4.5 Voor zover [appellanten] bedoelen dat de afgesproken vergoeding voor geleverde stroom gebaseerd is op de geschatte opbrengst minus de kosten, terwijl die kosten nu achteraf (veel) lager blijken te zijn en zij daarom aanpassing van de overeenkomst wensen, dient eerst die vraag in de hoofdzaak te worden beantwoord alvorens [appellanten] een rechtmatig belang krijgen bij de stukken ten aanzien van die kosten. De incidentele vordering van [appellanten] komt derhalve niet voor toewijzing in aanmerking.
4.6 Ook voor zover de vordering is gegrond op artikel 22 Rv kan deze niet slagen. Aan artikel 22 Rv kunnen [appellanten] geen vorderingsrecht ontlenen. Deze bepaling geeft aan de rechter een eigen, discretionaire bevoegdheid om van procespartijen te verlangen bepaalde bescheiden over te leggen. Het moet aan het procesbeleid van de kamer die over de hoofdzaak oordeelt worden overgelaten of van die bevoegdheid gebruik wordt gemaakt.
De slotsom
4.7 De conclusie luidt dat de incidentele vorderingen van [appellanten] zullen worden afgewezen. Het hof zal een beslissing over de kosten van het geding aanhouden tot de beslissing in de hoofdzaak.

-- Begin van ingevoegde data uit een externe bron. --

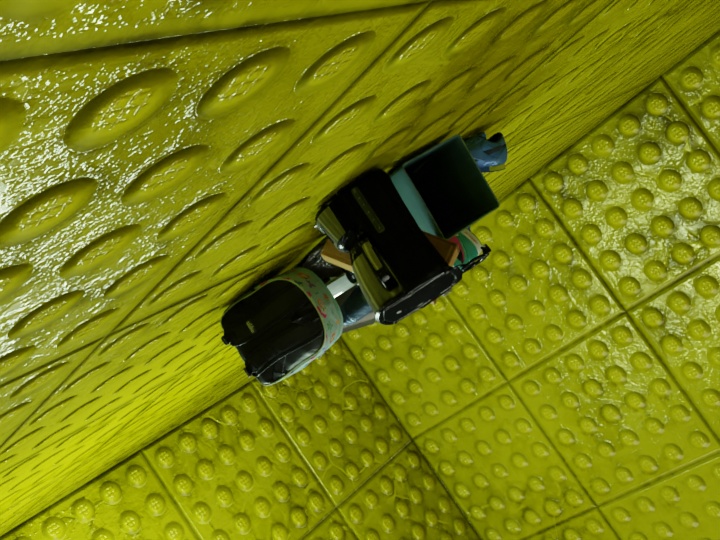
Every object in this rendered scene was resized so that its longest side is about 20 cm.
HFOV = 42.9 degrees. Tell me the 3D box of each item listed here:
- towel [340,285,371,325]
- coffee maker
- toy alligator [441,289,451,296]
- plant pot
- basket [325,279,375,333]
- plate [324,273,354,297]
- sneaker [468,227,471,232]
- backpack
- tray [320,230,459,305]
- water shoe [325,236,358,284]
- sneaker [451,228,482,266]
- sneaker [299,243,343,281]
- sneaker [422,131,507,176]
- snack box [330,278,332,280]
[{"bbox_3d":[0.044,0.023,1.669,0.200,0.049,0.112,-37,-174,33],"label":"towel"},{"bbox_3d":[0.057,-0.046,1.390,0.192,0.200,0.135,-25,161,-19],"label":"coffee maker"},{"bbox_3d":[0.079,0.023,1.742,0.200,0.054,0.059,-1,-129,40],"label":"toy alligator"},{"bbox_3d":[0.103,-0.114,1.575,0.141,0.142,0.200,-32,-178,-32],"label":"plant pot"},{"bbox_3d":[-0.094,0.094,2.133,0.200,0.180,0.136,-25,138,-24],"label":"basket"},{"bbox_3d":[0.000,0.000,1.812,0.199,0.032,0.200,-31,-177,36],"label":"plate"},{"bbox_3d":[0.202,-0.134,1.795,0.111,0.200,0.077,-38,-151,-29],"label":"sneaker"},{"bbox_3d":[-0.131,0.093,1.674,0.200,0.178,0.150,-36,177,34],"label":"backpack"},{"bbox_3d":[0.047,-0.029,1.464,0.099,0.200,0.037,-64,162,-13],"label":"tray"},{"bbox_3d":[-0.030,-0.040,1.607,0.079,0.072,0.200,-22,147,-18],"label":"water shoe"},{"bbox_3d":[0.124,-0.055,1.728,0.121,0.200,0.084,-56,-177,-33],"label":"sneaker"},{"bbox_3d":[-0.067,-0.021,1.778,0.200,0.070,0.076,-33,-165,49],"label":"sneaker"},{"bbox_3d":[0.189,-0.214,1.690,0.200,0.079,0.066,-14,-159,-33],"label":"sneaker"},{"bbox_3d":[0.025,-0.010,2.056,0.116,0.037,0.200,-32,-158,-30],"label":"snack box"}]
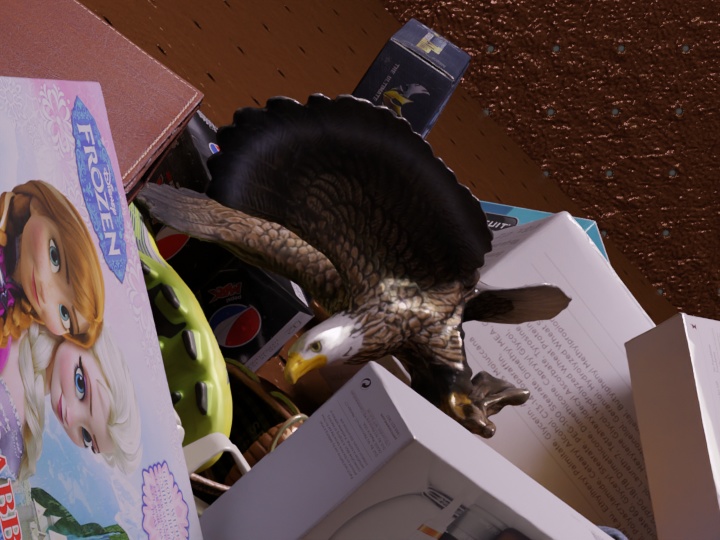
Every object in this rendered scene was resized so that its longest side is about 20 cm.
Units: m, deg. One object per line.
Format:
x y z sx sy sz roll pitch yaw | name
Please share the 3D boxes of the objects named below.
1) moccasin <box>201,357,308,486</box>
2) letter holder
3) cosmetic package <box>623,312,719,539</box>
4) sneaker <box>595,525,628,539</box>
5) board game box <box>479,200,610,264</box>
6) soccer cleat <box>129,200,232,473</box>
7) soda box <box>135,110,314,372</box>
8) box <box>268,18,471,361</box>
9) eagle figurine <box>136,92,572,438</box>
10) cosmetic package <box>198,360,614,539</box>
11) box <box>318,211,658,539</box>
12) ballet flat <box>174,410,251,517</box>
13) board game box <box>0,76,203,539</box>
-0.037 0.102 1.184 0.078 0.074 0.202 41 12 -36 | moccasin
-0.188 -0.077 1.067 0.200 0.101 0.142 37 23 -4 | letter holder
0.194 0.127 1.291 0.082 0.051 0.201 13 60 -39 | cosmetic package
0.125 0.176 1.238 0.079 0.096 0.200 12 -3 17 | sneaker
0.085 0.028 1.608 0.199 0.047 0.151 13 -46 45 | board game box
-0.104 0.023 1.229 0.084 0.065 0.200 38 14 -53 | soccer cleat
-0.091 -0.019 1.408 0.063 0.071 0.200 41 13 -31 | soda box
-0.010 -0.052 1.501 0.051 0.200 0.158 34 11 -1 | box
-0.003 0.002 1.230 0.200 0.151 0.151 56 16 -1 | eagle figurine
0.014 0.141 1.047 0.200 0.151 0.052 37 17 -44 | cosmetic package
0.099 0.087 1.431 0.200 0.131 0.199 52 -13 -6 | box
-0.090 0.086 1.050 0.200 0.067 0.068 36 15 -48 | ballet flat
-0.128 0.031 0.889 0.199 0.041 0.201 -10 87 -71 | board game box
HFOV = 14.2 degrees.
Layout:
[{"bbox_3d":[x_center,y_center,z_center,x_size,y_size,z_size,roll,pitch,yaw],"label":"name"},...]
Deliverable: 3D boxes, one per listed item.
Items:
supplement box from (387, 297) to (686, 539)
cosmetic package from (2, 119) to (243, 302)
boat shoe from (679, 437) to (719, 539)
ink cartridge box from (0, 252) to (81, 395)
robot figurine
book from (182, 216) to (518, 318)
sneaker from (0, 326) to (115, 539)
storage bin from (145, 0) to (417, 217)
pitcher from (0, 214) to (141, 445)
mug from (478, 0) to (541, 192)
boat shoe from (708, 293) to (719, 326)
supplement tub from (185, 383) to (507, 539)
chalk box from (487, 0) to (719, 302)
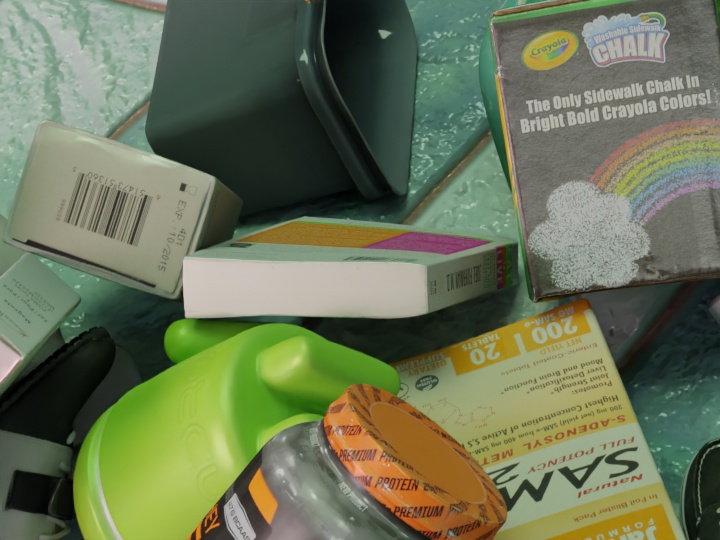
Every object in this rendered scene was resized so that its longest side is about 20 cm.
[{"bbox_3d":[0.088,0.115,1.462,0.126,0.074,0.200,-19,38,0],"label":"supplement box"},{"bbox_3d":[-0.129,-0.028,1.617,0.105,0.200,0.071,18,88,4],"label":"cosmetic package"},{"bbox_3d":[0.196,0.141,1.397,0.068,0.057,0.200,-16,38,3],"label":"boat shoe"},{"bbox_3d":[-0.239,0.098,1.481,0.200,0.044,0.174,-49,2,23],"label":"ink cartridge box"},{"bbox_3d":[-0.067,0.100,1.477,0.200,0.115,0.176,-29,54,40],"label":"robot figurine"},{"bbox_3d":[0.000,0.000,1.575,0.133,0.048,0.200,1,4,17],"label":"book"},{"bbox_3d":[-0.181,0.123,1.537,0.200,0.088,0.074,-51,2,-4],"label":"sneaker"},{"bbox_3d":[-0.056,-0.126,1.781,0.134,0.146,0.200,-18,36,17],"label":"storage bin"},{"bbox_3d":[-0.244,0.052,1.657,0.172,0.121,0.200,-41,53,-7],"label":"pitcher"},{"bbox_3d":[0.134,-0.119,1.699,0.185,0.115,0.152,22,53,40],"label":"mug"},{"bbox_3d":[0.281,-0.011,1.536,0.200,0.071,0.072,-33,4,18],"label":"boat shoe"},{"bbox_3d":[-0.030,0.157,1.353,0.200,0.122,0.123,-51,36,14],"label":"supplement tub"},{"bbox_3d":[0.136,-0.091,1.553,0.124,0.201,0.124,-8,0,4],"label":"chalk box"}]
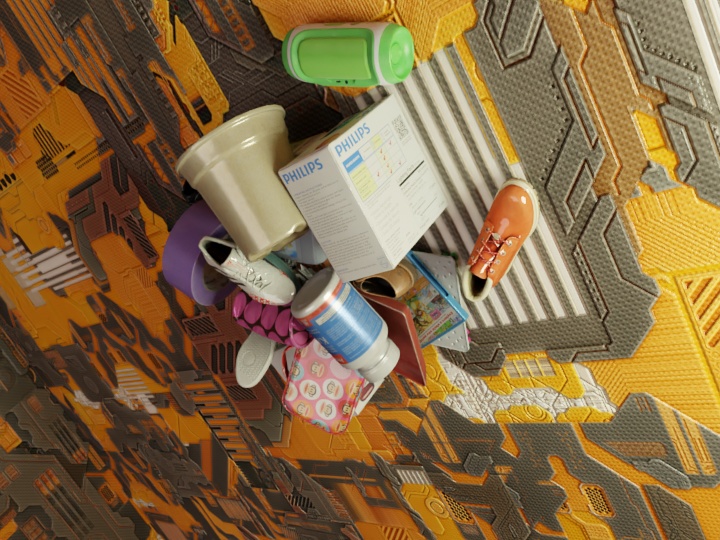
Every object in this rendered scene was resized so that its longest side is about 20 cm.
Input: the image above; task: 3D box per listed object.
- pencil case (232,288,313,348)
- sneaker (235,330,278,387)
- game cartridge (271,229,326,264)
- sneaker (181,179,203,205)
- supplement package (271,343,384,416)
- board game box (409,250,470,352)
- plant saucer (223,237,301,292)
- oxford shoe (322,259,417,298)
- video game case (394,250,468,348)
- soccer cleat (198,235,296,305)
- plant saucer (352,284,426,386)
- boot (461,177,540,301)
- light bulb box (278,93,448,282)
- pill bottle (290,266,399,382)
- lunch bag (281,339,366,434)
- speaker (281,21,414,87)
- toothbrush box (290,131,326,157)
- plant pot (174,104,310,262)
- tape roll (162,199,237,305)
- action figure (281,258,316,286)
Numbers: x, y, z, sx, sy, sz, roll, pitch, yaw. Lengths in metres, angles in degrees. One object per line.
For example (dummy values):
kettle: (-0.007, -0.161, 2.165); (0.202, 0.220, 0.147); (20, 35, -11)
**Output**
pencil case: (-0.162, 0.079, 1.309); (0.197, 0.090, 0.096); (11, 117, 42)
sneaker: (-0.190, 0.157, 1.437); (0.072, 0.205, 0.119); (12, 159, 16)
game cartridge: (-0.146, -0.086, 1.234); (0.196, 0.041, 0.135); (21, 140, 24)
sneaker: (-0.328, -0.156, 1.420); (0.075, 0.091, 0.203); (25, 137, 20)
supplement package: (-0.076, 0.210, 1.488); (0.201, 0.111, 0.155); (52, 140, -8)
board game box: (0.103, 0.044, 1.266); (0.196, 0.026, 0.204); (10, 128, 34)
plant saucer: (-0.189, 0.000, 1.330); (0.196, 0.028, 0.201); (27, 157, 12)
oxford shoe: (0.000, 0.000, 1.217); (0.196, 0.071, 0.073); (15, 133, 34)
video game case: (0.085, 0.039, 1.243); (0.201, 0.018, 0.143); (48, 139, -2)
soccer cleat: (-0.203, -0.001, 1.225); (0.197, 0.070, 0.085); (31, 172, 15)
plant saucer: (0.039, 0.108, 1.309); (0.197, 0.037, 0.203); (22, 145, 39)
boot: (0.208, -0.040, 1.047); (0.074, 0.107, 0.203); (29, 136, 19)
light bulb box: (0.010, -0.127, 1.071); (0.123, 0.198, 0.203); (-15, 112, 43)
pill bottle: (-0.021, 0.101, 1.215); (0.111, 0.113, 0.200); (-20, 119, 47)
lunch bag: (-0.075, 0.203, 1.351); (0.172, 0.082, 0.204); (24, 113, 5)
speaker: (-0.021, -0.321, 1.026); (0.196, 0.088, 0.090); (12, 130, 33)
toothbrush box: (-0.118, -0.145, 1.252); (0.197, 0.086, 0.148); (-8, 119, 44)
plant pot: (-0.163, -0.125, 1.095); (0.199, 0.199, 0.187); (-29, 90, 49)
tape roll: (-0.303, -0.038, 1.407); (0.084, 0.200, 0.203); (27, 137, 20)
action figure: (-0.127, 0.009, 1.387); (0.197, 0.070, 0.131); (12, 145, 44)
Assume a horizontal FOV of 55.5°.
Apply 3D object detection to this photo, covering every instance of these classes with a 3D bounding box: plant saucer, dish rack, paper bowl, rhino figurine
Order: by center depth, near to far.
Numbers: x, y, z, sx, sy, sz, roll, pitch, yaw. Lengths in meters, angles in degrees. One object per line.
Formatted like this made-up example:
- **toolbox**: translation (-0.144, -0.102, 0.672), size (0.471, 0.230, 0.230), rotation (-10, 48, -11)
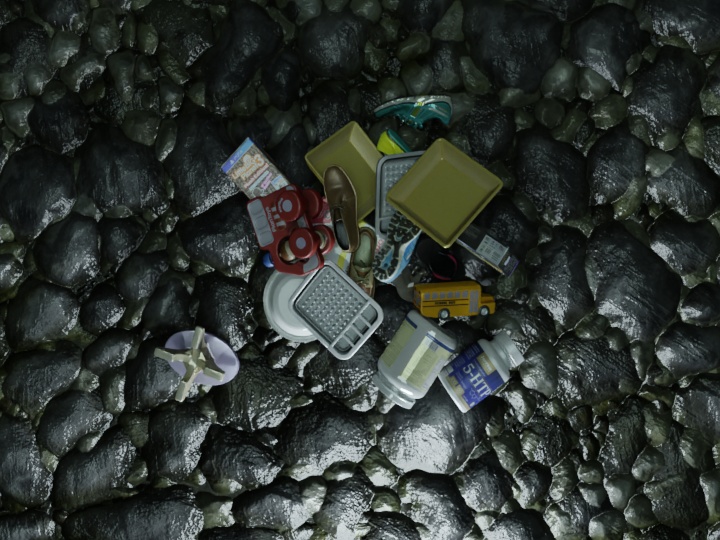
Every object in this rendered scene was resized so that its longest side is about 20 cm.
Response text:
- **plant saucer**: translation (0.189, -0.169, 1.548), size (0.199, 0.049, 0.200), rotation (40, 81, 25)
- **dish rack**: translation (-0.055, 0.087, 1.601), size (0.199, 0.044, 0.172), rotation (42, 113, 0)
- **dish rack**: translation (0.104, -0.185, 1.630), size (0.167, 0.043, 0.206), rotation (-10, 116, -23)
- **plant saucer**: translation (-0.022, -0.233, 1.661), size (0.201, 0.048, 0.199), rotation (51, 54, -3)
- **paper bowl**: translation (-0.144, 0.073, 1.696), size (0.194, 0.104, 0.208), rotation (0, 94, 3)
- **rhino figurine**: translation (0.121, 0.024, 1.702), size (0.087, 0.060, 0.201), rotation (-41, 105, -8)

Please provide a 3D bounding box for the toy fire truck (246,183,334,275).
- **toy fire truck**: translation (-0.161, -0.086, 1.533), size (0.164, 0.112, 0.206), rotation (-20, 89, 26)

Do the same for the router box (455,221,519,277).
- **router box**: translation (0.271, -0.070, 1.611), size (0.198, 0.157, 0.053), rotation (37, 94, 23)

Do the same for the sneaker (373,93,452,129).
- **sneaker**: translation (0.128, -0.386, 1.674), size (0.193, 0.078, 0.082), rotation (-2, 102, 2)

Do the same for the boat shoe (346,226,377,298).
- **boat shoe**: translation (0.000, 0.000, 1.617), size (0.073, 0.074, 0.207), rotation (2, 95, 2)

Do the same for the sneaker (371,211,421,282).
- **sneaker**: translation (0.094, -0.061, 1.622), size (0.077, 0.090, 0.203), rotation (30, 83, 20)

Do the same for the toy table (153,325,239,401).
- **toy table**: translation (-0.409, 0.224, 1.709), size (0.193, 0.117, 0.190), rotation (7, 94, 3)

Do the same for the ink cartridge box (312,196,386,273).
- **ink cartridge box**: translation (-0.039, -0.069, 1.692), size (0.197, 0.083, 0.148), rotation (31, 95, -1)

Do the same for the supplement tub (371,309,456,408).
- **supplement tub**: translation (0.129, 0.217, 1.674), size (0.143, 0.145, 0.203), rotation (34, 94, 0)

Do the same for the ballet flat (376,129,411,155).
- **ballet flat**: translation (0.120, -0.261, 1.689), size (0.199, 0.067, 0.067), rotation (41, 115, -5)

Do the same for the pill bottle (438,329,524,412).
- **pill bottle**: translation (0.298, 0.241, 1.683), size (0.198, 0.120, 0.121), rotation (-38, 92, 4)

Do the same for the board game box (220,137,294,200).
- **board game box**: translation (-0.221, -0.204, 1.653), size (0.097, 0.159, 0.200), rotation (-43, 92, 3)

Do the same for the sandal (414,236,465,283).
- **sandal**: translation (0.197, -0.013, 1.651), size (0.076, 0.199, 0.045), rotation (-51, 46, 4)

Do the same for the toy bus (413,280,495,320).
- **toy bus**: translation (0.230, 0.072, 1.676), size (0.193, 0.065, 0.081), rotation (-3, 103, -13)

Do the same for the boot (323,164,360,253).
- **boot**: translation (-0.044, -0.141, 1.548), size (0.071, 0.075, 0.207), rotation (-13, 90, 13)

5.1 De zaak zal naar de rol worden verwezen voor memorie van antwoord. Iedere verdere beslissing zal worden aangehouden.
In het incident
wijst de vorderingen van [appellanten] af;
houdt de beslissing over de kosten van dit incident aan tot de beslissing in de hoofdzaak;
In de hoofdzaak
verwijst de zaak naar de rol van dinsdag 18 juni 2013 voor het nemen van memorie van antwoord;
houdt iedere verdere beslissing aan.
Dit arrest is gewezen door mr. J.H. Kuiper, mr. M.E.L. Fikkers en mr. L. Groefsema en uitgesproken door de rolraadsheer ter openbare terechtzitting van dit hof van dinsdag 7 mei 2013 in bijzijn van de griffier.